Après tant de fatigues, un bain venait à point ; il nous fut offert dans un endroit isolé, à peu de distance de là, par une source abritée de magnifiques saules, bain en plein air, bain délicieux, en eau tiède et onctueuse, donnant aux muscles la souplesse, à la peau une douceur veloutée, quoique éphémère. Le dîner nous réunit à l’hôtel. La soirée qui le suivit fut pleine d’enchantemens sous la brillante clarté de la lune dont les rayons éclairaient encore ce que nous venions de voir à la lumière du soleil.
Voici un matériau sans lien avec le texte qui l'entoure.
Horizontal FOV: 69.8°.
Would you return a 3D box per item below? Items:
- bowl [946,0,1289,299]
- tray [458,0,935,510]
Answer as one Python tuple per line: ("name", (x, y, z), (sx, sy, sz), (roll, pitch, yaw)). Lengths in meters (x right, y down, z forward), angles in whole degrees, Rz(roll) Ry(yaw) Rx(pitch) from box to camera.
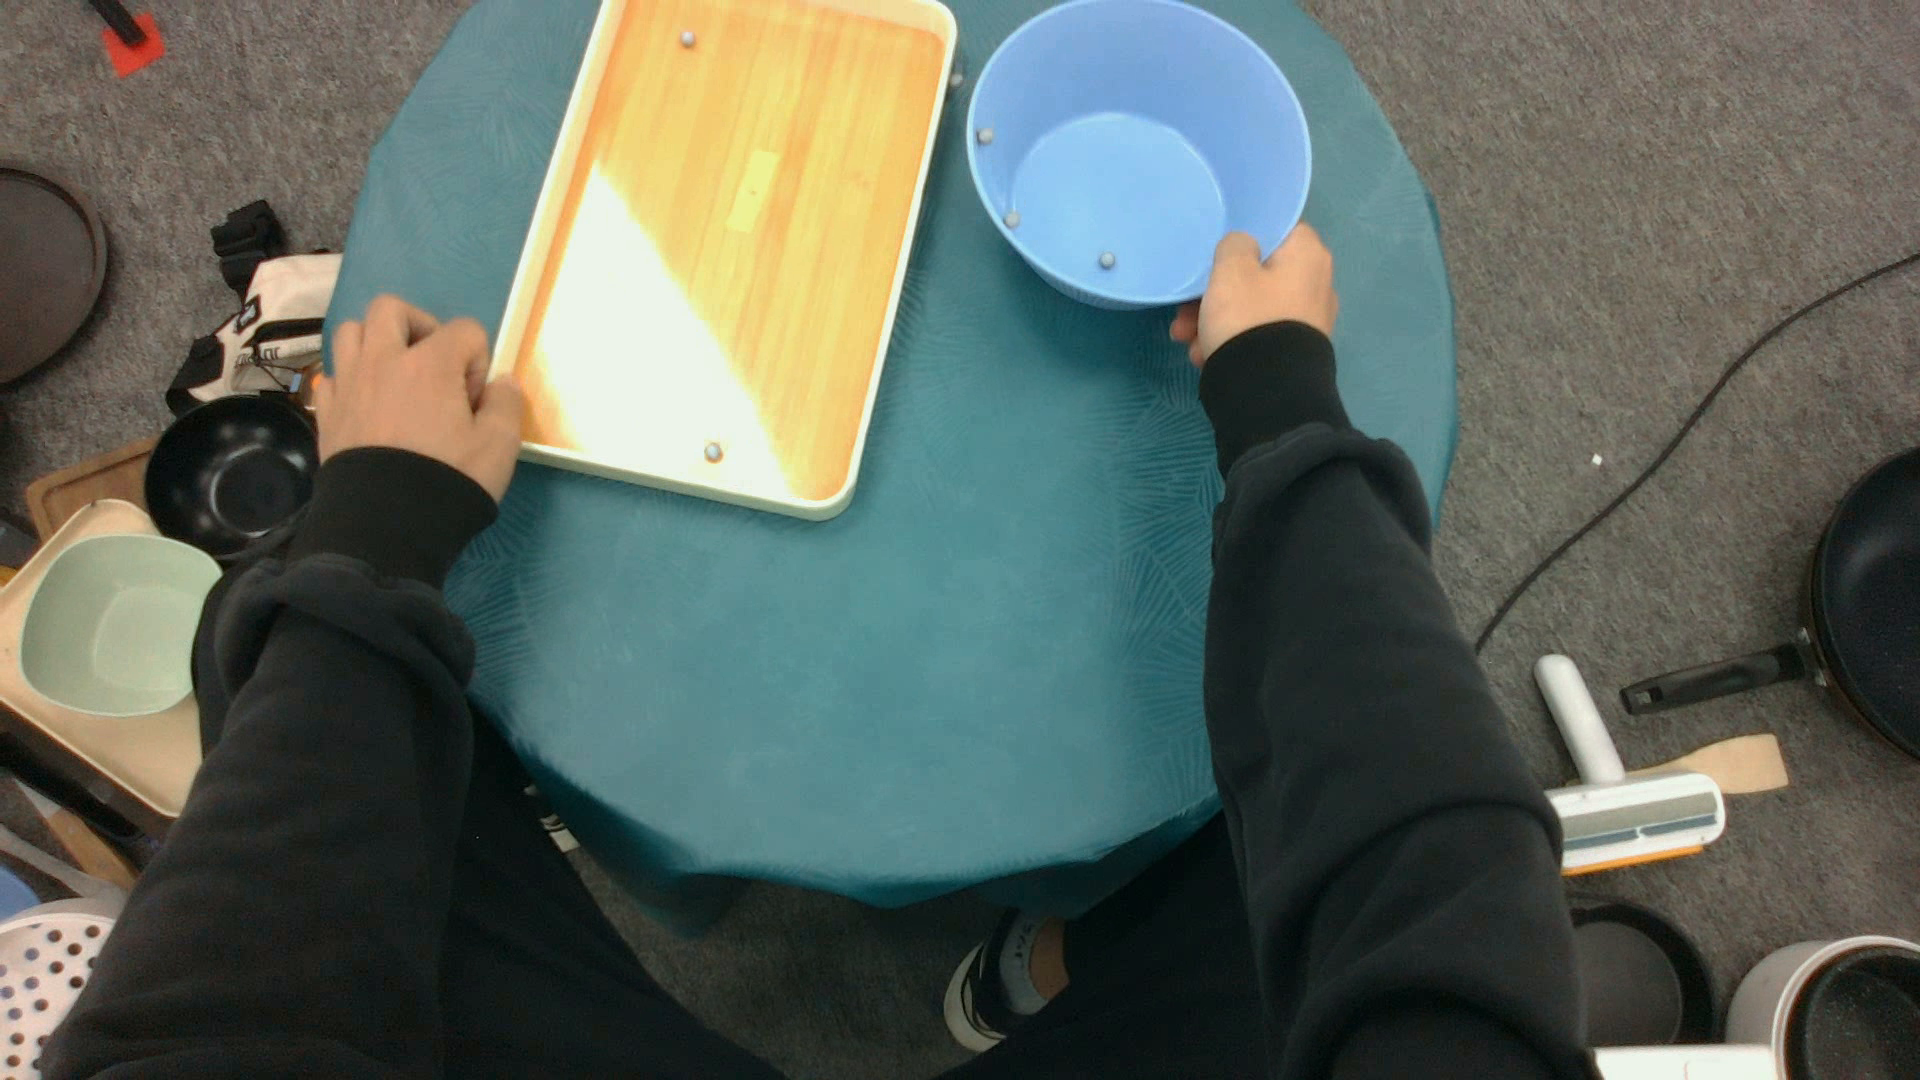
("bowl", (0.080, -0.195, 0.729), (0.176, 0.070, 0.176), (1, 73, -3))
("tray", (-0.132, -0.174, 0.731), (0.191, 0.027, 0.301), (12, 73, -1))

Le lendemain, après une nouvelle et matinale visite au volcan, tout aussi émouvante que la veille, je partis, laissant là mes amis de San-Francisco, en compagnie toutefois jusqu’à Geyser’s-Station des trois institutrices venues d’Healdsburg, et qui y retournaient. A huit heures du soir, j’étais à Calistoga, que je devais bientôt quitter pour me rendre à Whitesulfur, Napa et San-Francisco, après avoir parcouru, au milieu d’une magnifique campagne, ces belles vallées de Sonoma et de Napa. L’heure du retour avait sonné, je l’entendis sans déplaisir ; si je venais en effet de passer d’heureux instans, je reprenais sans peine ma vie de bord accoutumée, elle aussi pleine de charme au milieu des obligations du devoir accompli et des hasards de l’imprévu.


RAOUL LE ROY.


  1. Pinus Cousteri, P. insignis, P. sabiniana, P. tulerculata, P. Lambertiana, P. Doualasii, P. Benthamiana, P. Fremontiana, Picea grandis, Cupressus Lawsomiana, C. macrocarpus, C. Goveniana, Sequoia gigantea, S. tempervirens, Libocedrus decurrens.
  2. Je n’ai pas pu, faute d’instrument, constater d’une manière exacte la température de l’eau ; mais elle ne m’a pas paru de beaucoup supérieure à celle du corps. Le goût et l’odeur ne m’ont pas permis d’avoir un doute sur la composition sulfureuse et alcaline des sources.